> [What is required] Your task is to copy every line below that contains the word "barLineRight".

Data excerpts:

========================

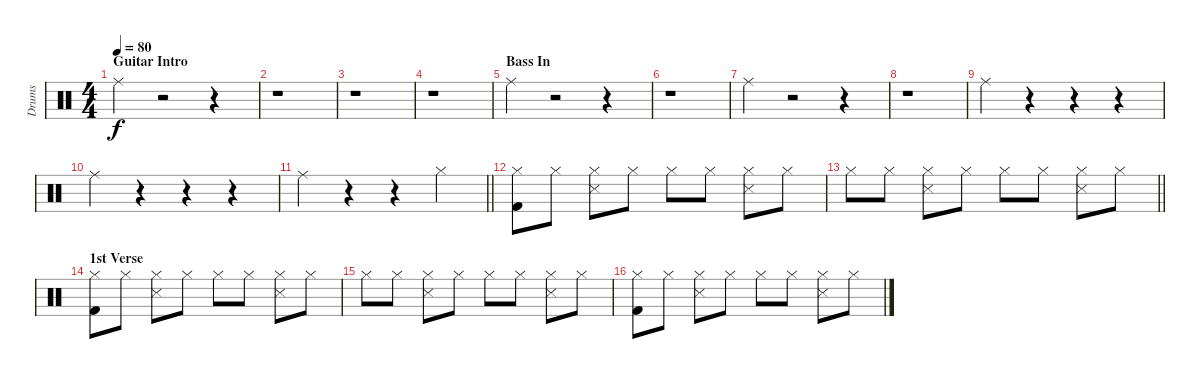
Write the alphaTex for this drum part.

\track ("Drums" "Drums") {instrument percussion}
\staff {score}
\articulation defaults
\ts (4 4)
\section ("" "Guitar Intro")
\tempo 80
\clef neutral
\ks c "Ride (middle)".4{dy f}
r.2 r.4 |
r.1 |
r.1 |
r.1 |
\section ("" "Bass In")
"Ride (middle)".4 r.2 r.4 |
r.1 |
"Ride (middle)".4 r.2 r.4 |
r.1 |
"Ride (middle)".4 r.4 r.4 r.4 |
"Ride (middle)".4 r.4 r.4 r.4 |
\barLineRight lightlight "Ride (middle)".4
r.4 r.4 "Hi-Hat (closed)".4 |
("Hi-Hat (closed)" "Kick (hit) 2").8 "Hi-Hat (closed)".8 ("Hi-Hat (closed)" "Snare (side stick) 3").8 "Hi-Hat (closed)".8 "Hi-Hat (closed)".8 "Hi-Hat (closed)".8 ("Hi-Hat (closed)" "Snare (side stick) 3").8 "Hi-Hat (closed)".8 |
\barLineRight lightlight "Hi-Hat (closed)".8 "Hi-Hat (closed)".8
("Hi-Hat (closed)" "Snare (side stick) 3").8 "Hi-Hat (closed)".8 "Hi-Hat (closed)".8 "Hi-Hat (closed)".8 ("Hi-Hat (closed)" "Snare (side stick) 3").8 "Hi-Hat (closed)".8 |
\section ("" "1st Verse")
("Hi-Hat (closed)" "Kick (hit) 2").8 "Hi-Hat (closed)".8 ("Hi-Hat (closed)" "Snare (side stick) 3").8 "Hi-Hat (closed)".8 "Hi-Hat (closed)".8 "Hi-Hat (closed)".8 ("Hi-Hat (closed)" "Snare (side stick) 3").8 "Hi-Hat (closed)".8 |
"Hi-Hat (closed)".8 "Hi-Hat (closed)".8 ("Hi-Hat (closed)" "Snare (side stick) 3").8 "Hi-Hat (closed)".8 "Hi-Hat (closed)".8 "Hi-Hat (closed)".8 ("Hi-Hat (closed)" "Snare (side stick) 3").8 "Hi-Hat (closed)".8 |
("Hi-Hat (closed)" "Kick (hit) 2").8 "Hi-Hat (closed)".8 ("Hi-Hat (closed)" "Snare (side stick) 3").8 "Hi-Hat (closed)".8 "Hi-Hat (closed)".8 "Hi-Hat (closed)".8 ("Hi-Hat (closed)" "Snare (side stick) 3").8 "Hi-Hat (closed)".8
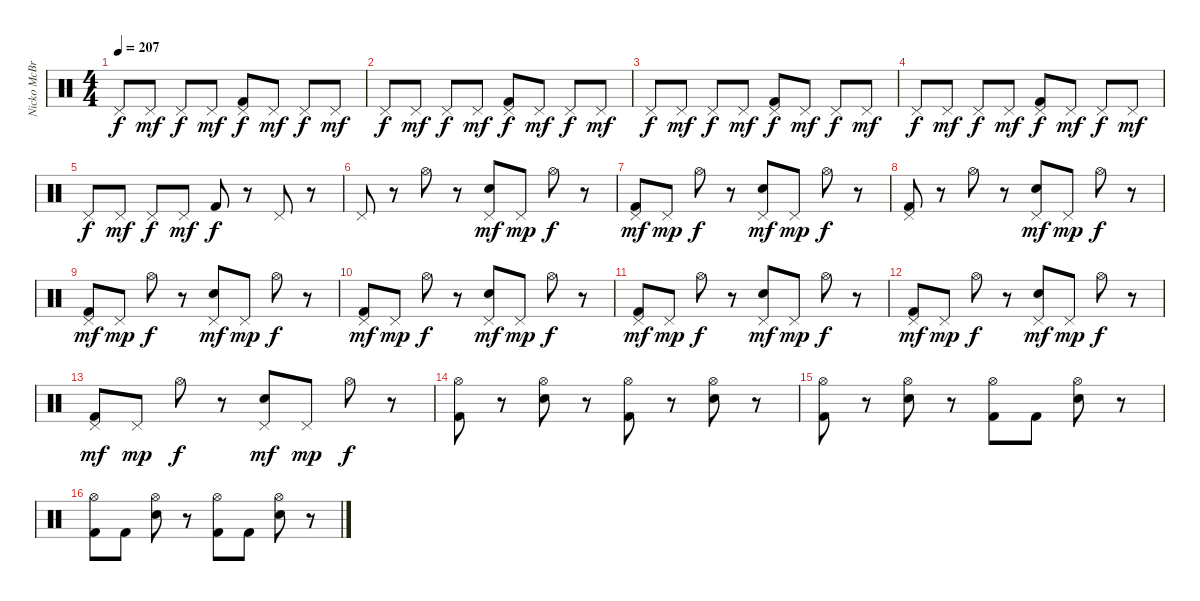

========================

> [Task output]
\barLineRight lightlight "Ride (middle)".4
\barLineRight lightlight "Hi-Hat (closed)".8 "Hi-Hat (closed)".8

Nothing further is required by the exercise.